The K8 locus in Kaposi's sarcoma-associated herpesvirus (KSHV) is syntenic with the Epstein-Barr virus (EBV) BZLF (Z) locus and expresses three alternatively spliced transcripts. The fully spliced transcript encodes K-bZIP, the KSHV homologue of the EBV immediate-early transcriptional transactivator Z. Here we show that despite the presence of alternatively spliced transcripts, the protein from the fully spliced RNA, K-bZIP, is the principal product detectable in KSHV-infected B cells. The protein is detected only in lytically infected cells and is localized to the nucleus. We further characterized K-bZIP by determining its phosphorylation status. Phosphoamino acid analysis revealed phosphorylation on serine and threonine. Analysis of the sites of K-bZIP phosphorylation by tandem mass spectrometry revealed that K-bZIP was phosphorylated on Thr 111 and Ser 167. These phosphorylation sites are contained within cyclin-dependent kinase (CDK) recognition sites with the consensus sequence (S/T)PXR, suggesting that K-bZIP could be phosphorylated by CDKs.

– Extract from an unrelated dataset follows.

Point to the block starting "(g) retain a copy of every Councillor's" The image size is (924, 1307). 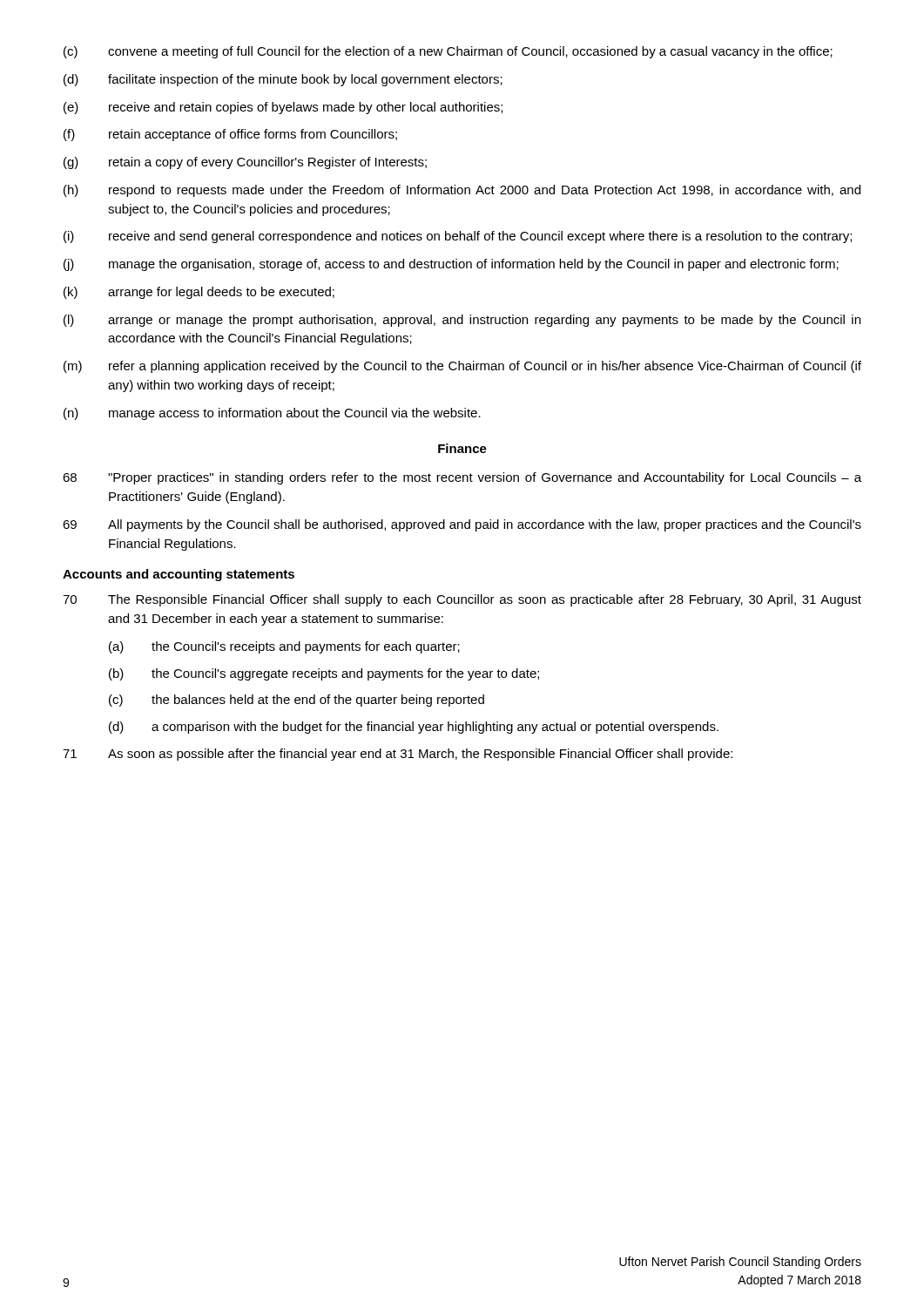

We tested this hypothesis using an in vitro kinase reaction performed in whole-cell extracts that resemble in vivo conditions more closely than standard in vitro kinase reactions. We found that the three CDK-cyclin complexes we tested phosphorylated K-bZIP but not the control ORF 73 protein, which contains four (S/T)PXR sites. Ectopic expression of K-bZIP cannot reactivate KSHV from latency, and single and double mutants of K-bZIP in which alanines replaced the phosphorylated serine and/or threonine also failed to induce lytic replication. These studies indicate that K-bZIP is a substrate for CDKs and should inform further functional analyses of the protein.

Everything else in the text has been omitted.